Vivie: "You generous darling! Never, never shall I forget your kindness and your trust in me. You have at any rate saved one soul alive." (Honoria deprecates gratitude.) "No, I don't want money—yet. You made me take and bank £700 last January over that Rio de Palmas coup—heaps more than my share. Altogether I've got about £1,000 on deposit at the C. and C. bank, the Temple Bar branch. I've many gruesome faults, but I am thrifty. I think I can win through to the Bar on that. Of course, if afterwards briefs don't come in—"
Norie: "Well, there'll always be the partnership which will go on unaltered. I shall pretend you are only away for a time and your share shall be regularly paid in to your bank. Of course I shall meet Mr. Vavasour Williams now and again and I can tell him things and consult with him. If we think Beryl, after she is installed here as head clerk—of course I shan't make her a partner for years and years—not at all if she remains flighty—if we think she is unsuspicious, and Bertie Adams likewise, and the new clerks and the housekeeper and her husband, there is no reason why you should not come here fairly often and put in as much work as you can on our business."
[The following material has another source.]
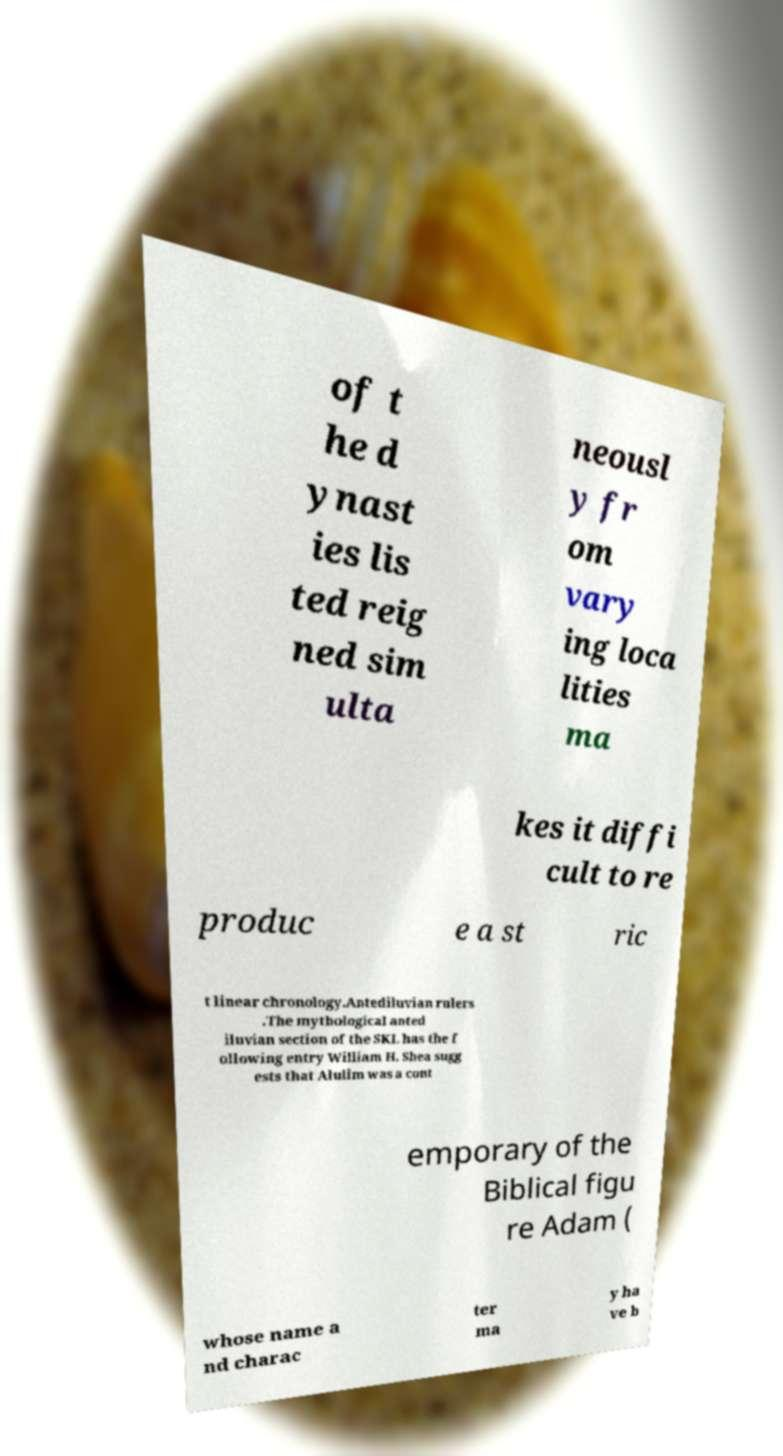Can you read and provide the text displayed in the image?This photo seems to have some interesting text. Can you extract and type it out for me? of t he d ynast ies lis ted reig ned sim ulta neousl y fr om vary ing loca lities ma kes it diffi cult to re produc e a st ric t linear chronology.Antediluvian rulers .The mythological anted iluvian section of the SKL has the f ollowing entry William H. Shea sugg ests that Alulim was a cont emporary of the Biblical figu re Adam ( whose name a nd charac ter ma y ha ve b 
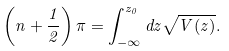<formula> <loc_0><loc_0><loc_500><loc_500>\left ( n + \frac { 1 } { 2 } \right ) \pi = \int _ { - \infty } ^ { z _ { 0 } } d z \sqrt { V ( z ) } .</formula> 
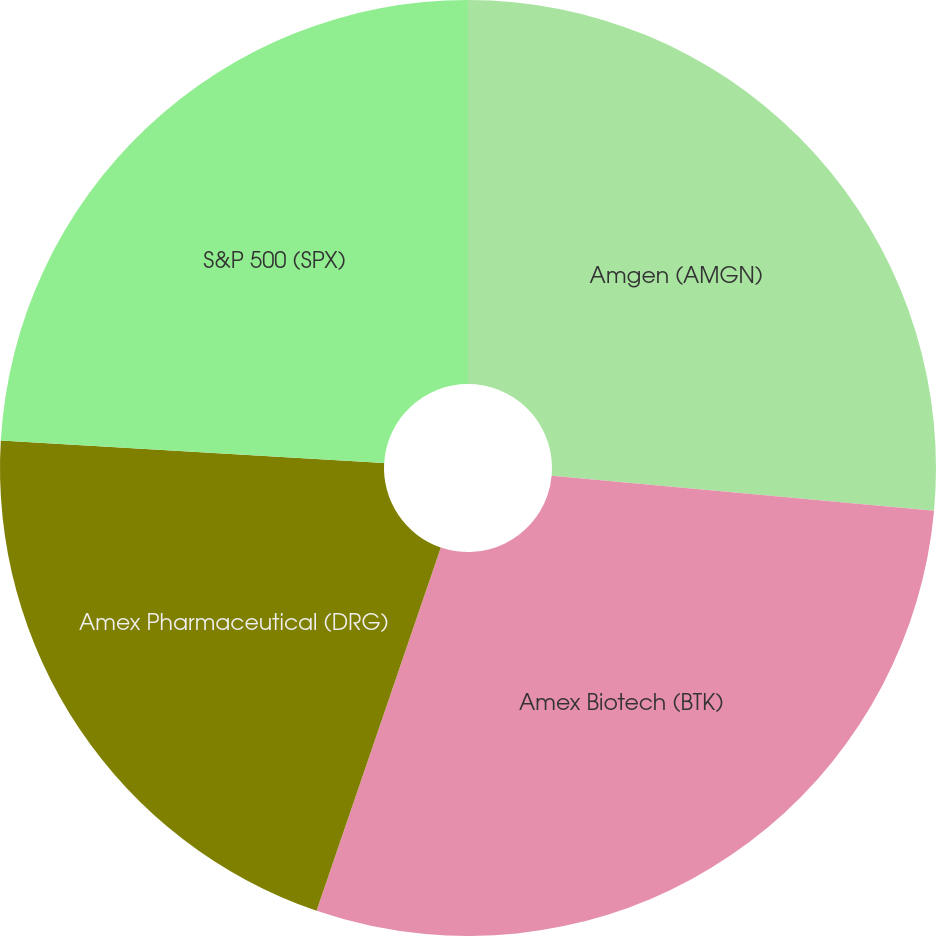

Vivie: "Yes. Of course I must be careful of one predicament. I have studied the regulations about being admitted to the English Bar. They are very quaint and medieval or early Georgian. You mayn't be a Chartered Accountant or Actuary—the Lord alone knows why! I suppose some Lord Chancellor was done in the eye in Elizabeth's reign by an actuary and laid down that law. Equally you mayn't be a clergyman. As to that we needn't distress ourselves. It's rather piteous about the prohibiting Accountants, because as women we are not allowed to qualify in any capacity as Accountants or Actuaries; and work here is only permissible by our not pretending to belong to any recognized body like the Institute of Actuaries. So that in coming to work for you I must not seem to be in any way doing the business of Accountants or Actuaries. Indeed it might be awkward for my scheme if I was too openly associated with Fraser and Warren.
"I already think of myself as Williams—I shall pose of course as a Welshman. My appearance is rather Welsh, don't you think? It's the Irish blood that makes me look Keltic—I'm sure my father was an Irish student for the priesthood at Louvain, and certain scraps of information I got out of mother make me believe that her mother was a pretty Welsh girl from Cardiff, brought over to London Town by some ship's captain and stranded there, on Tower Hill.